-
Notifications
You must be signed in to change notification settings - Fork 2.9k
Description
Apache Iceberg version
1.10.0 (latest release)
Query engine
Flink
Please describe the bug 🐞
Hi all,
Have 2 Flink (v1.20.3) jobs - one is writing records to an Iceberg table with org.apache.iceberg.flink.sink.FlinkSink, and another streaming incremental changes from the table with org.apache.iceberg.flink.source.IcebergSource. This was working fine.
I then changed FlinkSink to org.apache.iceberg.flink.sink.dynamic.DynamicIcebergSink. The writes to the Iceberg table are still working fine - however now the incremental reads do not get picked up by the IcebergSource in the second Flink job.

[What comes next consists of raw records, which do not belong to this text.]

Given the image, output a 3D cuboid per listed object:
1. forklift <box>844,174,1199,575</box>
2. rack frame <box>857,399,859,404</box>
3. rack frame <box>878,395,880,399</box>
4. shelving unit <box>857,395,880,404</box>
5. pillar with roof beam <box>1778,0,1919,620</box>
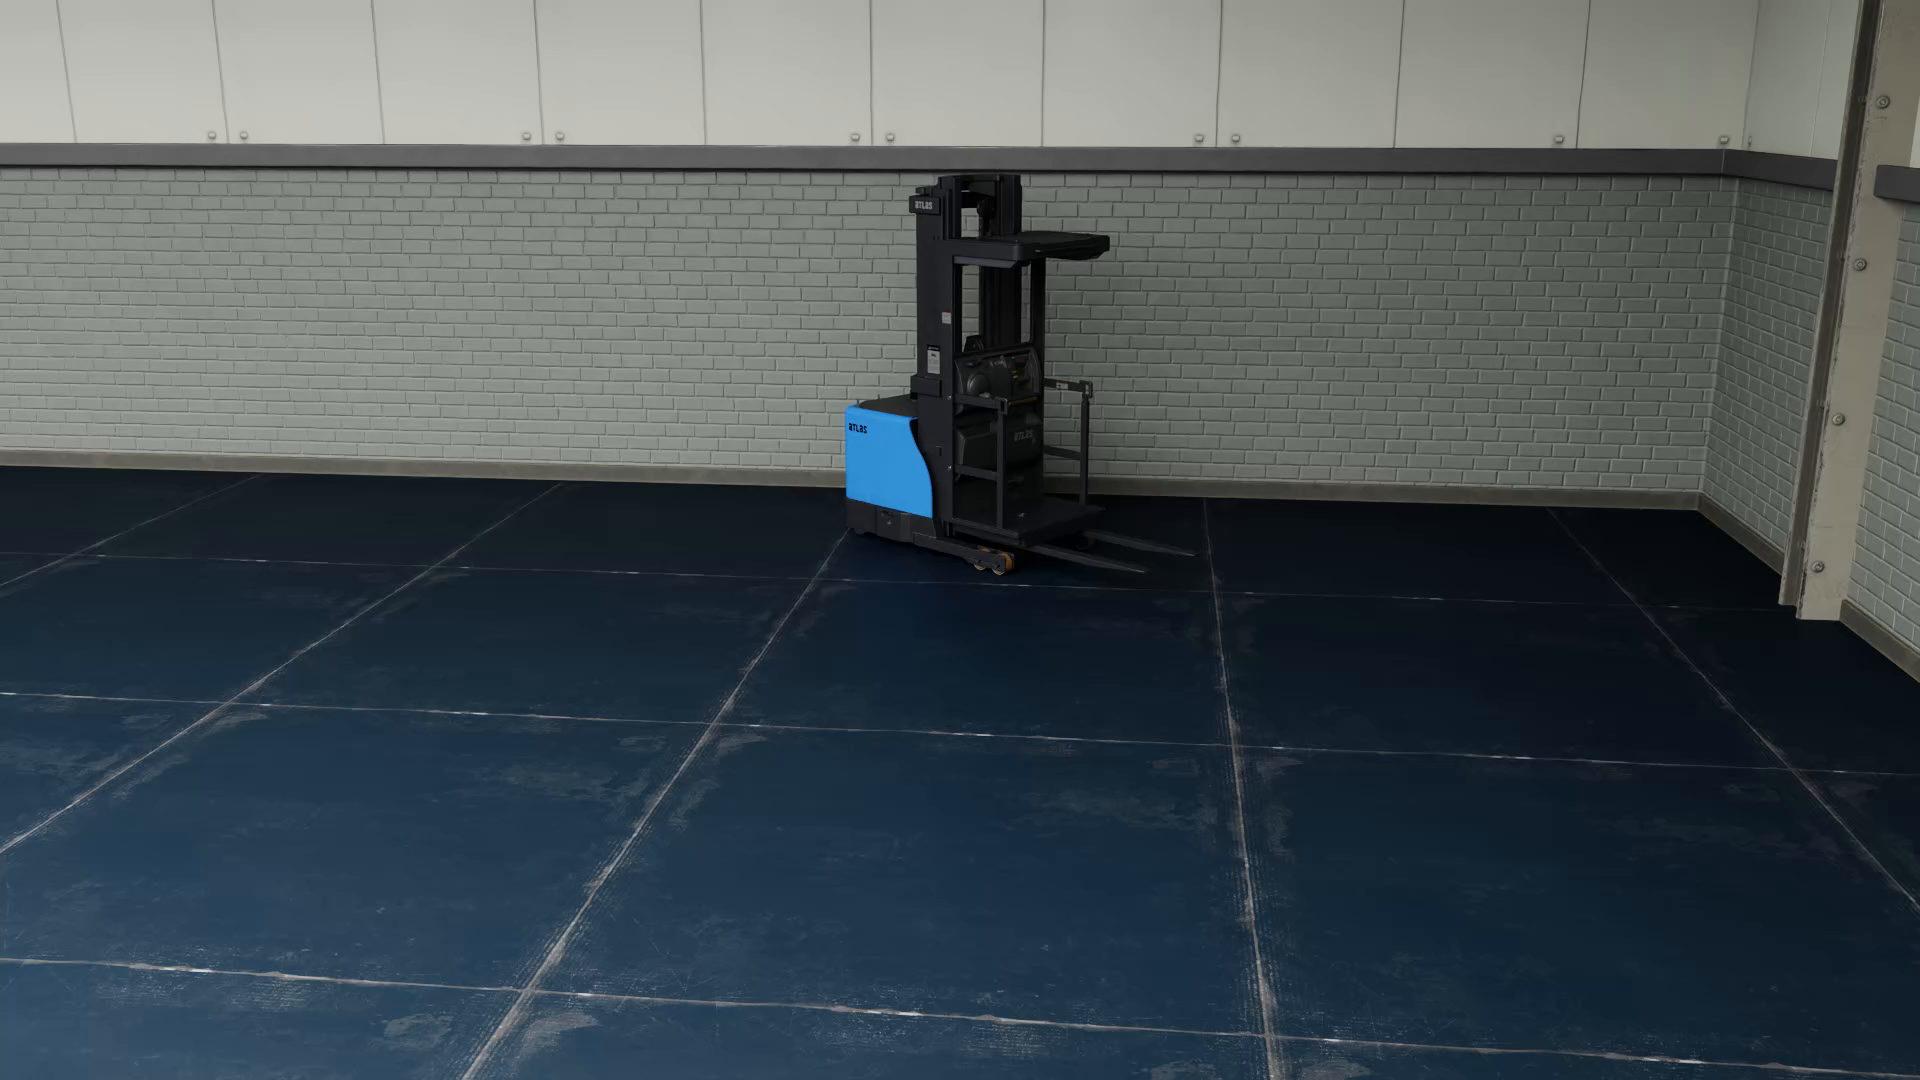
[{"bbox_3d":[0.456,-1.302,12.864,3.031,2.935,1.130,14,20,41],"label":"forklift"},{"bbox_3d":[-0.794,-0.671,14.132,0.200,1.050,0.008,13,20,41],"label":"rack frame"},{"bbox_3d":[-0.629,-0.718,14.306,0.200,1.050,0.008,13,20,41],"label":"rack frame"},{"bbox_3d":[-0.711,-0.695,14.219,0.215,1.050,0.252,13,20,41],"label":"shelving unit"},{"bbox_3d":[1.756,-3.966,11.088,9.100,9.000,0.400,2,15,6],"label":"pillar with roof beam"}]

The IcebergSource recognises the new snapshots, but says: "Discovered 0 splits from incremental scan". When I query the difference between the snapshots with Athena however, there definitely are incremental records there.
I couldn't find any documentation on things to consider when moving to DynamicIcebergSink - is there something that I'm missing here?
My sink is defined like this:
DynamicIcebergSink.Builder<GenericRecord> flinkSinkBuilder =
DynamicIcebergSink.forInput(dataStream).generator((inputRecord, out) -> {
var record = new DynamicRecord(TableIdentifier.of(s3_table_db, s3_table_name),
"main", icebergSchema,
avroGenericRecordToRowDataMapper.map(inputRecord), partitionSpec,
partitionSpec.isPartitioned() ? DistributionMode.HASH
: DistributionMode.NONE,
2);
record.setUpsertMode(false);
out.collect(record);
}).catalogLoader(icebergCatalogLoader).immediateTableUpdate(true)
.set("write.upsert.enabled", "false");Thank you.
Willingness to contribute
- I can contribute a fix for this bug independently
- I would be willing to contribute a fix for this bug with guidance from the Iceberg community
- I cannot contribute a fix for this bug at this time